Don’t get snarky. I think his point is you need to go higher as was originally said. Arguing the toss with the helpline and engineers who are just there to do a job isn’t going to get you anywhere. Simple fact is yes there could be a leak finishing at the isolation valve however it could be coming from anywhere above. Take what you’ve told us re time off work etc and multiple times where you’ve had to do things yourself and write to the CEO. I’d say for your time wasted they should be contributing to a new boiler or be resolving your issue. Be as blunt as that. They have entered into a contract with you and shouldn’t be allowed to cancel it without penalty
Contractually WB might well be in breach of their contract, especially
as they are actually involved in an on going dispute. Its like saying your car insurance is invalid because you have had a crash. go get them stay cool and WIN . keep us informed get someone else in
pay them and claim it back. ring trading standards you pay rates
Rob Foster aka centralheatking
 
Contractually WB might well be in breach of their contract, especially
as they are actually involved in an on going dispute. Its like saying your car insurance is invalid because you have had a crash. go get them stay cool and WIN . keep us informed get someone else in
pay them and claim it back. ring trading standards you pay rates
Rob Foster aka centralheatking
it would be good to get feed back...thats why we do,this
centralheatking
 
Thanks. I've drafted a letter to Martyn Bridges. Worcester Bosch came yesterday and I told him that the left isolation valve is still visibly leaking (even with new washer) and the new right one is also leaking (very strange but a tissue test showed it was). I asked him if he could put some thread seal in the new nut to stop it leaking. He replaced the old leaking left valve and put thread seals in both, he also said he changed a valve or something above the right isolation valve in case it was leaking down onto to it. He also used some joint sealer for pipes or something (can't recall what name he gave me). So he said they won't be leaking anymore (5th time lucky?!). Anyway this morning, before the heating came on, I tested both valves with tissue and they both seem to be dry. I'm hoping this will help the pressure drop problem. Although I'm not sure if it could account for a 0.2 bar pressure drop a week.
If the boiler is finally fixed and this works I will leave it, as they haven't charged me. But if the boiler still seems to be losing a lot of pressure (I may run another isolation test myself if needed) then I will send off the email to Martyn Bridges at Worcester Bosch. Because they should leave me with a working boiler and not a leaking one.
 
Thanks for the information. I've got a mixture of plastic and copper pipes. Upstairs where the boiler is mostly plastic. The boiler/ heating had been cold over night before running the isolation test so not cooling down. I thought it strange the boiler and radiator gauges have both dropped at almost the same rate, they are being tested separated with the boiler isolated from the radiators (valves turned to horizontal). Unless the valves leak inside which would explain the same pressure drop.
There is definitely moisture on the boiler valves though, could these account for a 0.15 bar pressure drop?

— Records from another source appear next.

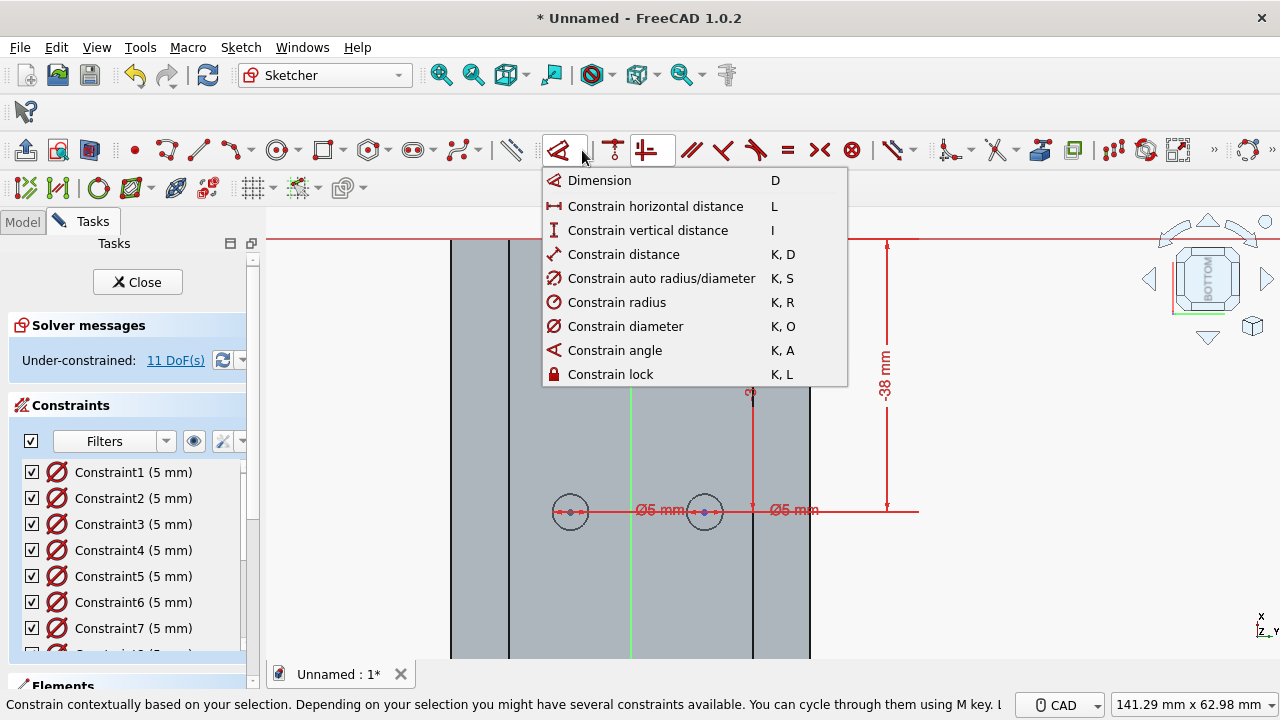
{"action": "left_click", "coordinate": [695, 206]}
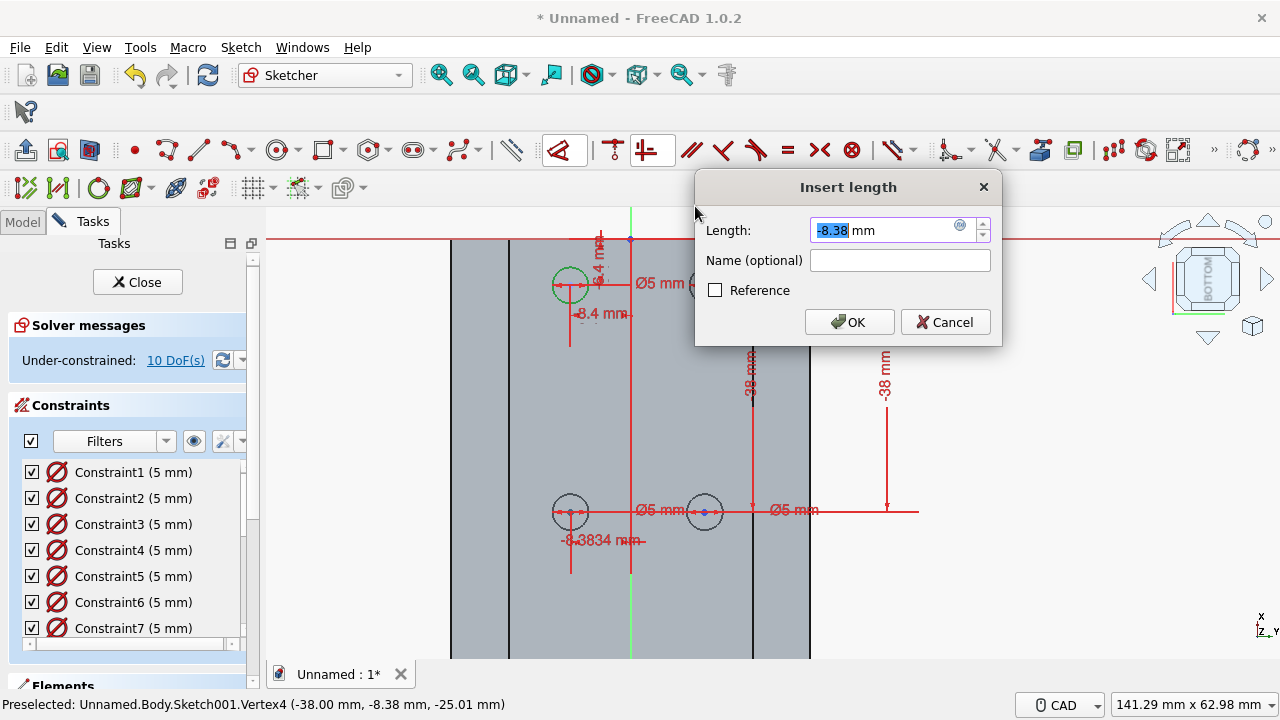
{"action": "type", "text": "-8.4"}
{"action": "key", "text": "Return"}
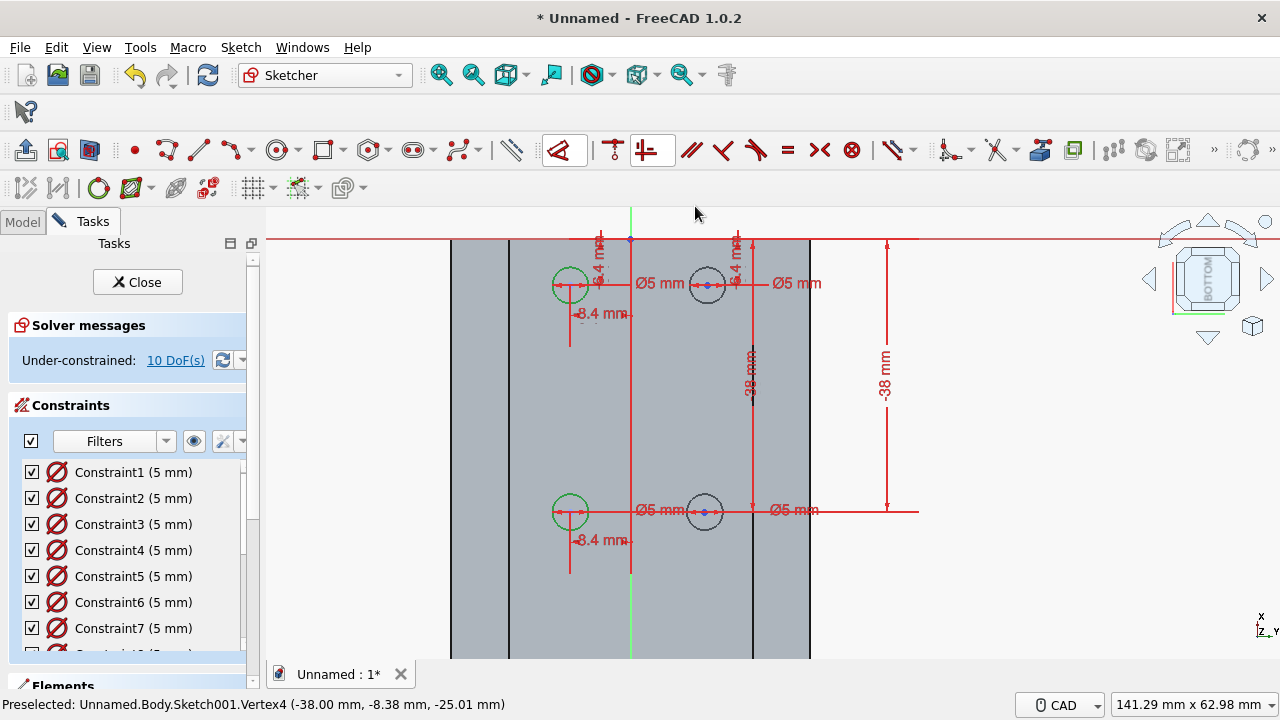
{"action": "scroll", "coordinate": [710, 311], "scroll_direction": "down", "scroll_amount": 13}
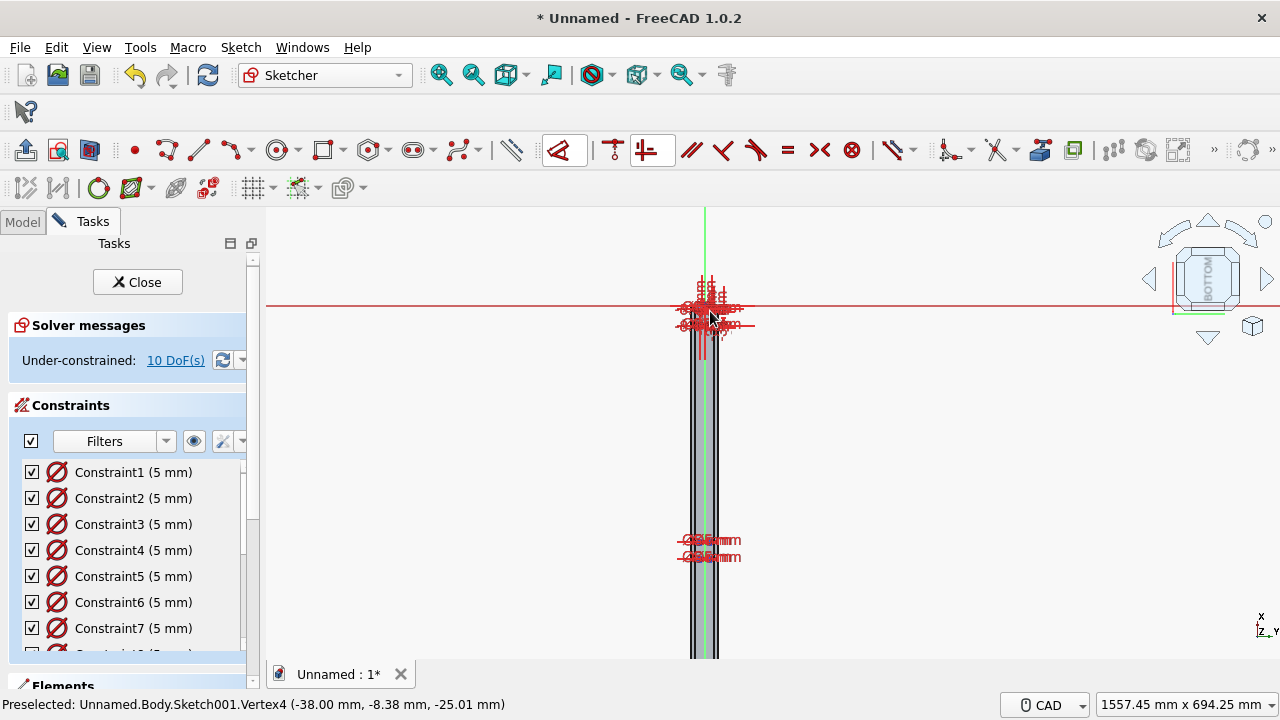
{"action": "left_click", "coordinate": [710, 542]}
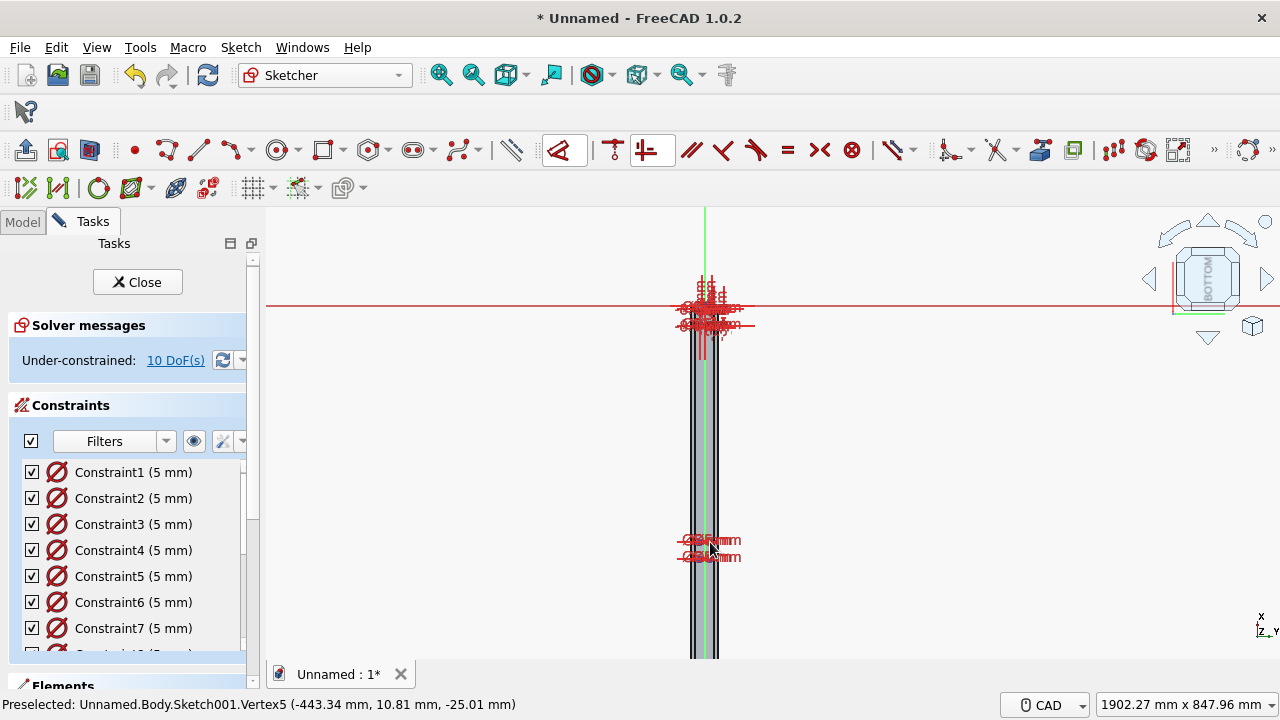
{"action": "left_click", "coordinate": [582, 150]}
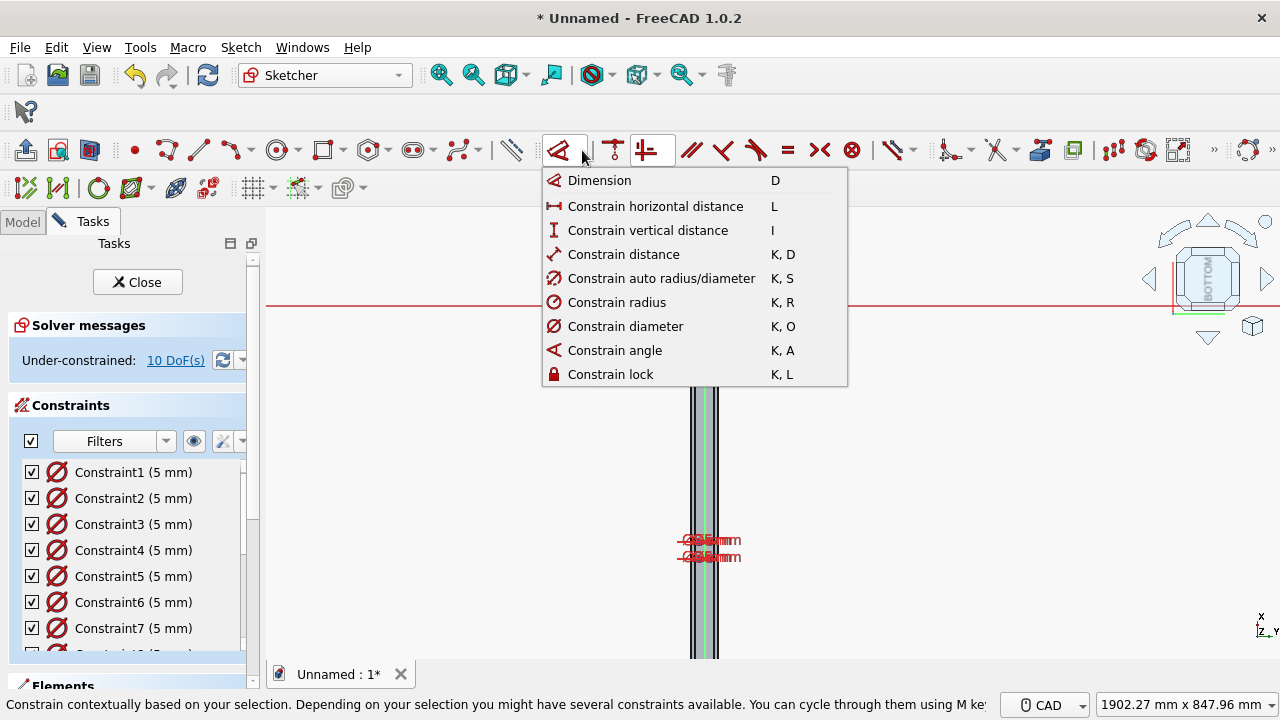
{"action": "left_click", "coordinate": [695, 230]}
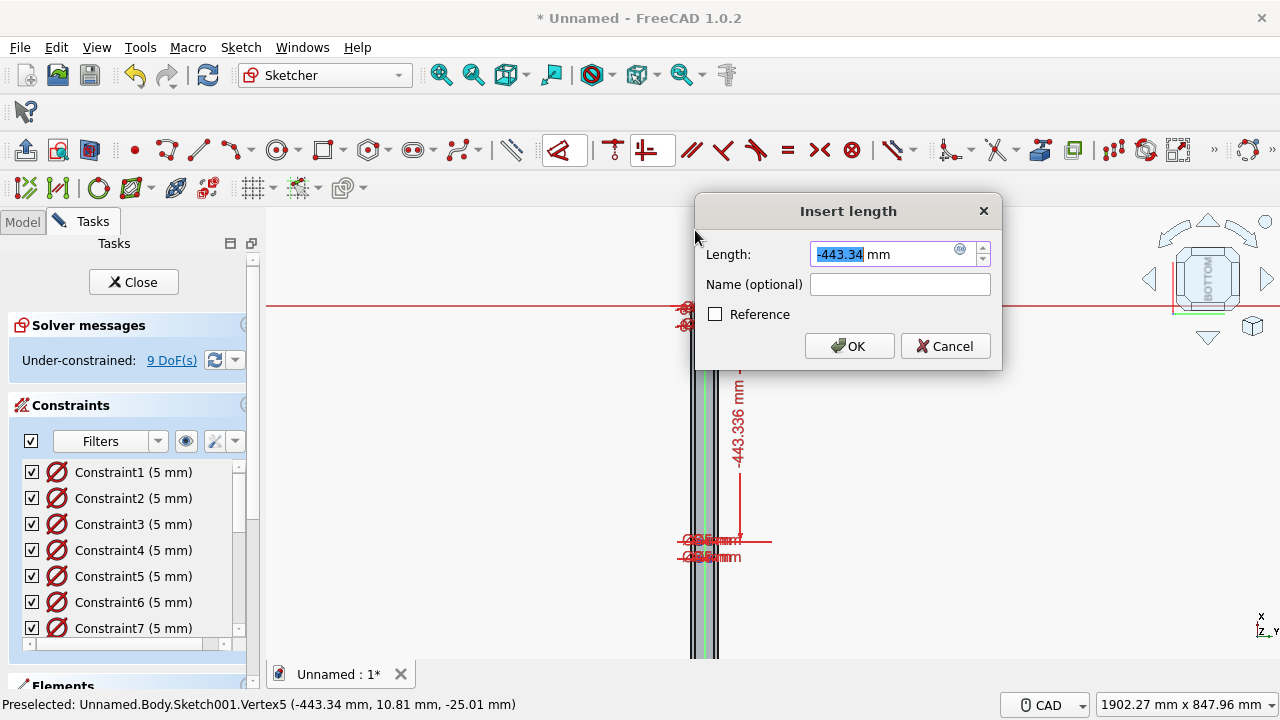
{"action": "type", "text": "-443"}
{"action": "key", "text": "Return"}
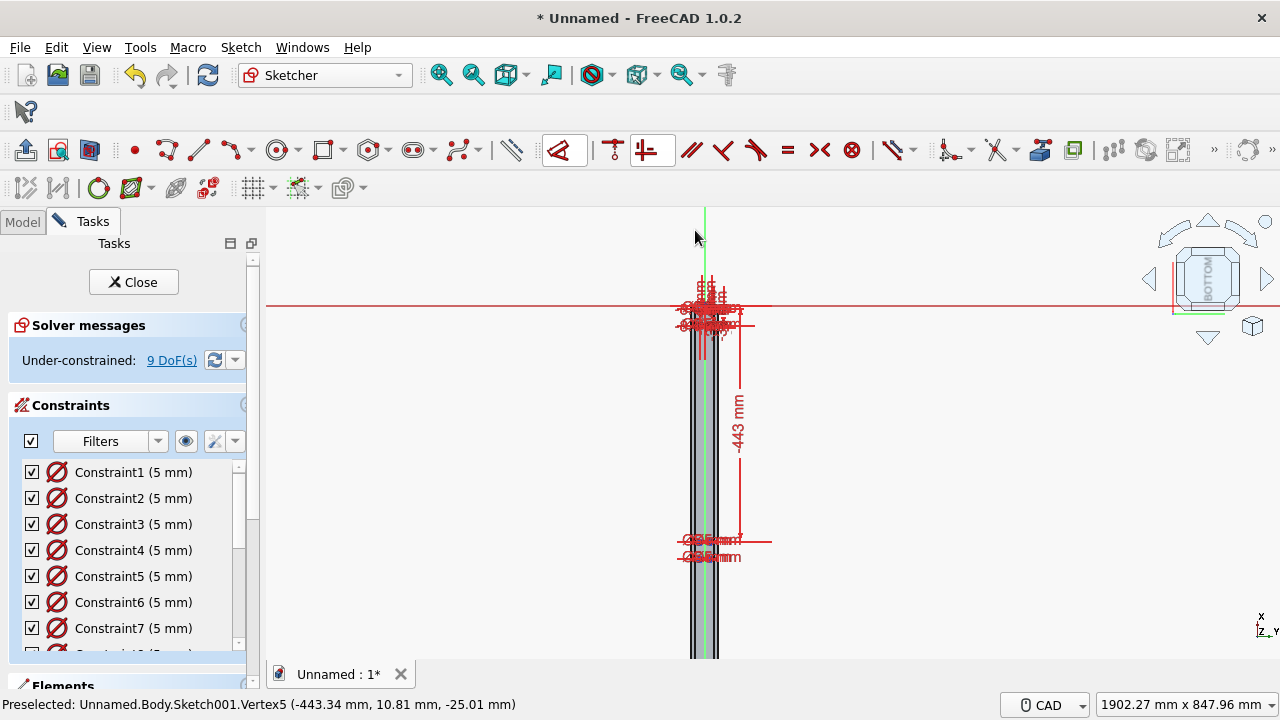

A 0.15 bar pressure drop isn't IMO just a drop of water from a boiler that's isolated.
If one assumes a 8 litre expansion vessel with a pre pressure of 0.5 bar and a filling (test) pressure of 2.0 bar, then the boiler will lose 0.21 litres of water. If the pre pressure above is 1.0 bar then the boiler will lose 0.28 litres of water for the same 0.15 bar pressure drop.
 
Yes this is what i've been worried about since as when I asked the last Worcester guy if those tiny valve leaks could have accounted for a 0.15 bar drop in the test he said in his opinion he thinks it could. Which mean't he knew a lot of other people would disagree. Those two valves only had a tiny drop of water on them. The expansion vessel was pressured to 1 bar. The water pressure was put to 2 bar for the test. The weird thing was both the boiler and the radiator gauge fell by 0.15 bar, even though the boiler was isolated. Because I was told 1 bar is like a coffee cup I was thinking 0.15 of a coffee cup is a lot more than a tiny drop with the boiler off (i.e. not evaporating). But everything has been replaced on the boiler that could leak, including the expansion vessel. But like an earlier member said 0.15 bar could be accounted for by a settling down pressure release within the expansion vessel (or within the plastic pipes for the radiators). The only other thing I can possibly think of if they have put in a faulty new heat exchanger or expansion vessel, but that is unlikely. Or is there a leak on my pipes? The Worcester Bosch man did say the isolation tests that i'd been doing weren't reliable because the isolation valves can leak inside so i'm really seeing a drop on my radiator system (but I don't know if he was fobbing me off and I thought his testing with large gauges was supposed to rule that out, hence the whole idea of it)
 
If the Bosch man suspected the boiler isolation valves then surely he could have bled a drop of water off the rads with isolation valves closed, if both pressure gauges then fell together then the isolation valve(s) are passing.
I think that you will have to get someone to rule the boiler in/out, but I can tell you that with a 1 bar pre pressure, and test pressure falling from 2 bar to 1.85 bar that a 6 Litre E.vessel will release 0.21 litres, a 8 litre; 0.28 litres & a 12 litre; 0.42 litres.
In one of your posts you said the pressure was falling 1 bar every 2 weeks, this relates to a leakage (somewhere) of 2.0, 2.67 or 4 litres respectively, boiler or system??.
 
Thanks John. Yes that is true! He could have tested the isolation valves that way.
After the initial works they did it was dropping a bar every 2 weeks. Several visits later and isolation valves tightened / auto airvent changed/ expansion vessel pressured from 0.4 bar to 1 bar it was more like 0.4 bar drop every 2 weeks or say a bar a month. So something dropped the rate of pressure loss by half. Since he was here 2 days ago the pressure gauge has gone from 1.5 to nearly 1.3. But he did warn me that there would be some air in the boiler so expect an initial loss. Because they say its got to be my pipes just before he left he said I should let it find its only pressure level, and let it go all the way down to 0.5 bar if necessary as that might stop the pipe leak (if there is one). But I don't really want to do that because that will take another 4 weeks and what happens if it drops lower than 0.5 bar then I have a problem. It will be too late to complain to Martyn Bridges by then.
I've turned my boiler off this morning and thinking of running another isolation test for 36 hours on the boiler. As any air should have autovented by now. Also with the two new islation valves I'm guessing they won't leak inside to the radiator pipes.
I will let you know what happens in 36 hours and if the boiler drops. My guess is that it will as I agree around 200ml of water is what must have leaked. But there is no pooling of water under the boiler. So what does that leave that could leak away from the boiler without me seeing? .... prv, expansion vessel or heat exchanger? All of which are new apparently.
 
Every time you do work on a boiler you allow air into the system. If you fully drain a boiler it can take a few weeks for it to settle back down again and get rid of all the air. So a 1.5-1.3 drop the day after they have carried out.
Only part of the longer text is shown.